This post is part of an ongoing guest blogger series on the kingdom of God.
Today, we will hear from A.K.M. Adam:
It’s become a fad to distinguish a bad, imperialistic understanding of “the Kingdom of God” from a hip, open, “relational” understanding of “God’s Reign” — sometimes people even advance bogus arguments from the morphology of the Greek word basileia. While God no doubt frowns on imperialism, and is assuredly more open-minded than we can understand (“Many will come from east and west. . .”), an ordinary Greek-speaker would understand God’s basileia on the model of basileias they had experienced or heard about: monarchies wherein the will of the ruler determined the conditions within which inhabitants negotiated their daily lives.
The difference between the Kingdom of God and the Kingdom of Herod (for instance) was not that Herod’s kingdom involved authority and entailed limits on who might share in the goods of the kingdom; God, the Creator of all that is, remains creation’s Author, and the power of sin will ensnare some who might otherwise rejoice with the people of God. The difference involves, among other things, the texture of authority and the criteria for participation in the Kingdom of God. Whereas Herod exercised authority by brutal coercion — and even the most benign empires of this world sustain themselves by the apparent temporal necessity of police and military power — God’s authority depends not on God’s power to damn or to impose on unwilling resisters, but on a love that knits willing adherents to God’s own will. The will of the Divine Ruler comes to the saints not as brutal threat, but always only as permission to rejoice — for the saints desire only what God will for us (which in turn is only our sanctity and well-being). As Augustine reminded the Pelagians, any freedom to choose something other than God’s will is not freedom, but turns to captivity to sin.
By the same token, the Kingdom of God differs from earthly kingdoms in terms of citizenry as well. Where temporal communities define their constituency by heredity, or by achievement, or other qualifications, the Kingdom of God is constituted solely by God’s grace. The people of God are not necessarily the most prominently pious (“many will say, ‘Did we not prophesy in your name?’ “), and certainly not the most powerful or predictable. Rather, the people of God are those who live in God’s way; some will have learned the Way from Scripture and the churches, but others will have discerned God’s Way on other grounds (“they show that they have the Law written in their hearts”).

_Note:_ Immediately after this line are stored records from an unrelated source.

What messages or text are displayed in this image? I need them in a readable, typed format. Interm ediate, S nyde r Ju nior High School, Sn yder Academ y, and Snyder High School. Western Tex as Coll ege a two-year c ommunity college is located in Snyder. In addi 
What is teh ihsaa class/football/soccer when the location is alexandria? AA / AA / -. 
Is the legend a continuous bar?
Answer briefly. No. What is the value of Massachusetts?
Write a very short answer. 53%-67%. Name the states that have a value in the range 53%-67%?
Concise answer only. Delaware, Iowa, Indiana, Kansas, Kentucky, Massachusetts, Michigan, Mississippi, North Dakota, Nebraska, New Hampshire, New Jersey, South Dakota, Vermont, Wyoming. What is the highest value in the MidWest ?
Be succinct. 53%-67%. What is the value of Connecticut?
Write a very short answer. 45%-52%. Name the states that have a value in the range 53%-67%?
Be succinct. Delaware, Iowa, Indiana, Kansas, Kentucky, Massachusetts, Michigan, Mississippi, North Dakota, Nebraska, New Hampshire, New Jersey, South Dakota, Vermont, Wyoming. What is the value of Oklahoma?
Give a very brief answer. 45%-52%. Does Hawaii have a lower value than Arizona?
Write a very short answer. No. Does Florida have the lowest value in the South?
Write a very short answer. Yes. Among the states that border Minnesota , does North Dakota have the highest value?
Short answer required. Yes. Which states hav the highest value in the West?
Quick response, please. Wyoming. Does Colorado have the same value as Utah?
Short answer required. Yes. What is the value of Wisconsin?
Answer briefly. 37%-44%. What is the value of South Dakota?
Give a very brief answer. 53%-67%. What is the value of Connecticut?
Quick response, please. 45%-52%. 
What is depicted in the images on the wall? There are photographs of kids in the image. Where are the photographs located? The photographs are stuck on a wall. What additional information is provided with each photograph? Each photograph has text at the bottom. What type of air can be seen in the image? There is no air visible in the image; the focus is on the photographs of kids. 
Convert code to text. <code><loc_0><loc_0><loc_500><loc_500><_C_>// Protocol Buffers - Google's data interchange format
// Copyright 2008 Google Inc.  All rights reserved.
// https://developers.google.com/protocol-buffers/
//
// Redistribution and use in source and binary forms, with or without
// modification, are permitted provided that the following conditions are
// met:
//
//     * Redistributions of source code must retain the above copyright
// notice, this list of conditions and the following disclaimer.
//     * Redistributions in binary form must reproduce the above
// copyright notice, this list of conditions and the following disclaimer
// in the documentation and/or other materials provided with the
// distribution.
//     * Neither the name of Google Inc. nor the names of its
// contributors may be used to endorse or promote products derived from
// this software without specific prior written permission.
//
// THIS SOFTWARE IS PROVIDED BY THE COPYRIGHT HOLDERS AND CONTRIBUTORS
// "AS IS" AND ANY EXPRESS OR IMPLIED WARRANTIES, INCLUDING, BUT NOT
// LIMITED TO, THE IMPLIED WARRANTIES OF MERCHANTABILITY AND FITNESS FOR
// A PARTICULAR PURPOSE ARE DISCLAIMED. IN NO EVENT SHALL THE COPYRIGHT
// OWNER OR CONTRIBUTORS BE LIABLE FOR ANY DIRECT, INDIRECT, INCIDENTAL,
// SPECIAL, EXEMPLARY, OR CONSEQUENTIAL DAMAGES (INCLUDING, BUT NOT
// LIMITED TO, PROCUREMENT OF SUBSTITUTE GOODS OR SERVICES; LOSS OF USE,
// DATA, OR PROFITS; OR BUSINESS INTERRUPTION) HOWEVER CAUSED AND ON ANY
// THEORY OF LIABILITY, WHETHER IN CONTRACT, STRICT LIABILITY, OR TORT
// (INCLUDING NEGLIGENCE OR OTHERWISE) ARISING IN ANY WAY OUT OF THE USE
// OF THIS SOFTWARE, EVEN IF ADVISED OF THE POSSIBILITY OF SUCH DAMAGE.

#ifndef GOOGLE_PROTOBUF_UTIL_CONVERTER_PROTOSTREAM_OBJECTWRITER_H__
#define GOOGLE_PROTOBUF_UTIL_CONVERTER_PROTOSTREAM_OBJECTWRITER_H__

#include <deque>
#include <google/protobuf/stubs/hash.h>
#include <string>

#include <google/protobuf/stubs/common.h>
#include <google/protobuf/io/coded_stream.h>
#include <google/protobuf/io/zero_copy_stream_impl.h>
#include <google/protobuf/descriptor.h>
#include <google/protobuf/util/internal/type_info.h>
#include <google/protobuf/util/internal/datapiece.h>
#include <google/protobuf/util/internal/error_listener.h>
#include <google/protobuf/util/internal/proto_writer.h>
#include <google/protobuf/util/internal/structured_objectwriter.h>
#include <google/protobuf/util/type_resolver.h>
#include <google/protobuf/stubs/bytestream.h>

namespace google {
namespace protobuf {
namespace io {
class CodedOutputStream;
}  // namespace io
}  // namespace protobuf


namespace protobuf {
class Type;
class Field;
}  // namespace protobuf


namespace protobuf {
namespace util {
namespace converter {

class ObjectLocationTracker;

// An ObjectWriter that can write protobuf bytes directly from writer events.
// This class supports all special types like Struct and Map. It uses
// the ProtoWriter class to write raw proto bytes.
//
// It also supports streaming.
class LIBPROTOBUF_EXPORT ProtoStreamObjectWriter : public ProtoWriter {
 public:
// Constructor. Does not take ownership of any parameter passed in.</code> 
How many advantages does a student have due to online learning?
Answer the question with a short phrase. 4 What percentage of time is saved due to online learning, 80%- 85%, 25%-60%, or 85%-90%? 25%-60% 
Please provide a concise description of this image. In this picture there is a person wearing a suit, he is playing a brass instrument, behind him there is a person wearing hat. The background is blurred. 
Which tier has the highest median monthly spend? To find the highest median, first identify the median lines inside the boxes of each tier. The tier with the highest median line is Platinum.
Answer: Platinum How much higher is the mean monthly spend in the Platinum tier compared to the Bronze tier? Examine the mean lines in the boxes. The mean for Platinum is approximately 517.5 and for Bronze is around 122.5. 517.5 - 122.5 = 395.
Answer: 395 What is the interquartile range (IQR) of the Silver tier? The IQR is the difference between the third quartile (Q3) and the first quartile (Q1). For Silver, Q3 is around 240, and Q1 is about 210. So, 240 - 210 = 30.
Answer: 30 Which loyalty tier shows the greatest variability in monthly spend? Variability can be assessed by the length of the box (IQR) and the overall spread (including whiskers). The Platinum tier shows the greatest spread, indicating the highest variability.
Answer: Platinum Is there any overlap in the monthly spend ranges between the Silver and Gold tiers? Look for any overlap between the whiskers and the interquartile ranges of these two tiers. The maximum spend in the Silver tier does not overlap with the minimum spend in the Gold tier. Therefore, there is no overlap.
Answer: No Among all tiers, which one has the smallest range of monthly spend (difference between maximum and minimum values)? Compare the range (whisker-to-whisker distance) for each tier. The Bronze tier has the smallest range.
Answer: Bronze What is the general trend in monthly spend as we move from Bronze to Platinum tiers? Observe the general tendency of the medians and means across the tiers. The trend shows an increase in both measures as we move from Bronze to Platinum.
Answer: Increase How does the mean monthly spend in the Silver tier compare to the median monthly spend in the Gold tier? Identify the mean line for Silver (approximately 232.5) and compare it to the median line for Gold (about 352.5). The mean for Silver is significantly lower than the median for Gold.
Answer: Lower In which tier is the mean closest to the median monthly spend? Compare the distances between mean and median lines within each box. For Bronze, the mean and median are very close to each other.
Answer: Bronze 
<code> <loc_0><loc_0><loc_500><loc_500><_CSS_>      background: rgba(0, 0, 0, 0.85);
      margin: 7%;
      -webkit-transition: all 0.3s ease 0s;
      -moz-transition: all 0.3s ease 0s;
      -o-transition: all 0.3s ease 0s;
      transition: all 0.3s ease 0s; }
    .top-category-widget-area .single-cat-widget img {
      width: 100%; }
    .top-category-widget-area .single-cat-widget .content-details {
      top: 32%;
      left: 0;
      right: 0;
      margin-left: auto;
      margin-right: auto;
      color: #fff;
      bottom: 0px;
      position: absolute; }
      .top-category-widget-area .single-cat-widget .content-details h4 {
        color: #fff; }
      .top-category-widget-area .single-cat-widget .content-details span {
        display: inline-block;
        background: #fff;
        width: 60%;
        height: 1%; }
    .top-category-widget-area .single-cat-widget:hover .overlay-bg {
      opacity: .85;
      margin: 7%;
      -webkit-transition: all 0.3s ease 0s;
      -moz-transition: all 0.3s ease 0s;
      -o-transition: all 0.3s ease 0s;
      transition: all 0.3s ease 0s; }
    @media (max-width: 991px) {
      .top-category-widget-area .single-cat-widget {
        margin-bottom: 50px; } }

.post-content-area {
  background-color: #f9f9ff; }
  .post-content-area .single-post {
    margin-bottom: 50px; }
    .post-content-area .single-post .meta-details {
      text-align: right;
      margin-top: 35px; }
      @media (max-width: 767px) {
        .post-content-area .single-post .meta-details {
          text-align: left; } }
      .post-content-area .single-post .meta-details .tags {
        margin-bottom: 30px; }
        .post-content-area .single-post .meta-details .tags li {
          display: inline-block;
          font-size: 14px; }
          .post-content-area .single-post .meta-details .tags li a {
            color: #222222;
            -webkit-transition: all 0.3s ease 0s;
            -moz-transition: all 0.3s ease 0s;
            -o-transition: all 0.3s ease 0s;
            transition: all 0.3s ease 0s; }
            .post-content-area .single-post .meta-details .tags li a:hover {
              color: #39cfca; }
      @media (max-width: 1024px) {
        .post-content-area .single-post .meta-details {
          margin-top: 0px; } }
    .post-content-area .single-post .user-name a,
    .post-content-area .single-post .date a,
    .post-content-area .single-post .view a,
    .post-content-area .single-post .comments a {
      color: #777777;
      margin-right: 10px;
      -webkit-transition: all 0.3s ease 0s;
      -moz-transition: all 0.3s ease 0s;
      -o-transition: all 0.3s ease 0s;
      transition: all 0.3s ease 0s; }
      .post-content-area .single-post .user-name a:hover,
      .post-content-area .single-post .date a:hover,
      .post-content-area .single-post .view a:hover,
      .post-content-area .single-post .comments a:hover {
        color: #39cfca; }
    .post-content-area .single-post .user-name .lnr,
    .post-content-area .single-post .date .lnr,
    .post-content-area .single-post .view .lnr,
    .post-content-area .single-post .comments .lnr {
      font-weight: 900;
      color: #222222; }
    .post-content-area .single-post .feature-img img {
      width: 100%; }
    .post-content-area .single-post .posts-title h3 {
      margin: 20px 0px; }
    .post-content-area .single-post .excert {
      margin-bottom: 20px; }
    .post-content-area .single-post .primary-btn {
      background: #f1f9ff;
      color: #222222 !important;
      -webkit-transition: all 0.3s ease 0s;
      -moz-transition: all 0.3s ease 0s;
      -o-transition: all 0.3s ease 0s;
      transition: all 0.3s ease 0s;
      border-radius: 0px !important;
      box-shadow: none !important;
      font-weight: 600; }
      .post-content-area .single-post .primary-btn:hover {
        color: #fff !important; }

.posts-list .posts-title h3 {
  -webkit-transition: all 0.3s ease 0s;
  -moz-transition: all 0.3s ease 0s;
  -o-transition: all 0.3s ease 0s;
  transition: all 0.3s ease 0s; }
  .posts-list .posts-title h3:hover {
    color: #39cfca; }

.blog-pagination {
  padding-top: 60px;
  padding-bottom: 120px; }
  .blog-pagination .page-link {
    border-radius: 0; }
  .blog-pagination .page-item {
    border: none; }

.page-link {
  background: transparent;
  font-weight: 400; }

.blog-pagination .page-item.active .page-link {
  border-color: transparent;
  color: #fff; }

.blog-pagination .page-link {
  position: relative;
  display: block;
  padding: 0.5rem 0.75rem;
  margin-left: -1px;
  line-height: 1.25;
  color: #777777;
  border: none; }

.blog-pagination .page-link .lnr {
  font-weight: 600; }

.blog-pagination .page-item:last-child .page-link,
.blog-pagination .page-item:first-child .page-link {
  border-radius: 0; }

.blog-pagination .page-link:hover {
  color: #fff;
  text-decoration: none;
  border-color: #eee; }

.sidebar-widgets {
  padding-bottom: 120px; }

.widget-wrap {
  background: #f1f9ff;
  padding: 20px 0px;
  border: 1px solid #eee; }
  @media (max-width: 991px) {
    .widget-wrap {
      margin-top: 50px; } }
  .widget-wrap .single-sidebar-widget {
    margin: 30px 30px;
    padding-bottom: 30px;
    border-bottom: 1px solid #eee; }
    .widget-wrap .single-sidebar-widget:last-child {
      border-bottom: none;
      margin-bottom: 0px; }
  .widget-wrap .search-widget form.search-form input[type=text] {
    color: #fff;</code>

So, yes, the Kingdom of God is utterly unlike any earthly dominion — but no, it’s not an undifferentiated, gauzy commune. The Kingdom of God is (and was, and ever shall be) a communion of people known to us and unknown, among whom the will of God determines the Way by which we shape our lives.
A.K.M. Adam teaches New Testament and Early Church History at Seabury; he has also taught at Eckerd College, Princeton Theological Seminary, and has served parishes in New Haven, Tampa, and Evanston. He has written and edited numerous books and articles, including What is Postmodern Biblical Criticism? (1995), Making Sense of New Testament Theology (1995), A Grammar of New Testament Greek (1999), A Handbook of Postmodern Biblical Interpretation and Postmodern Interpretations of the Bible: A Reader (2000), and Faithful Interpretation (2006) and is co-author of Reading Scripture With the Church (2006). He is presently working on a book that builds on his hermeneutical studies to present a theological and ethical reading of Matthew’s Gospel.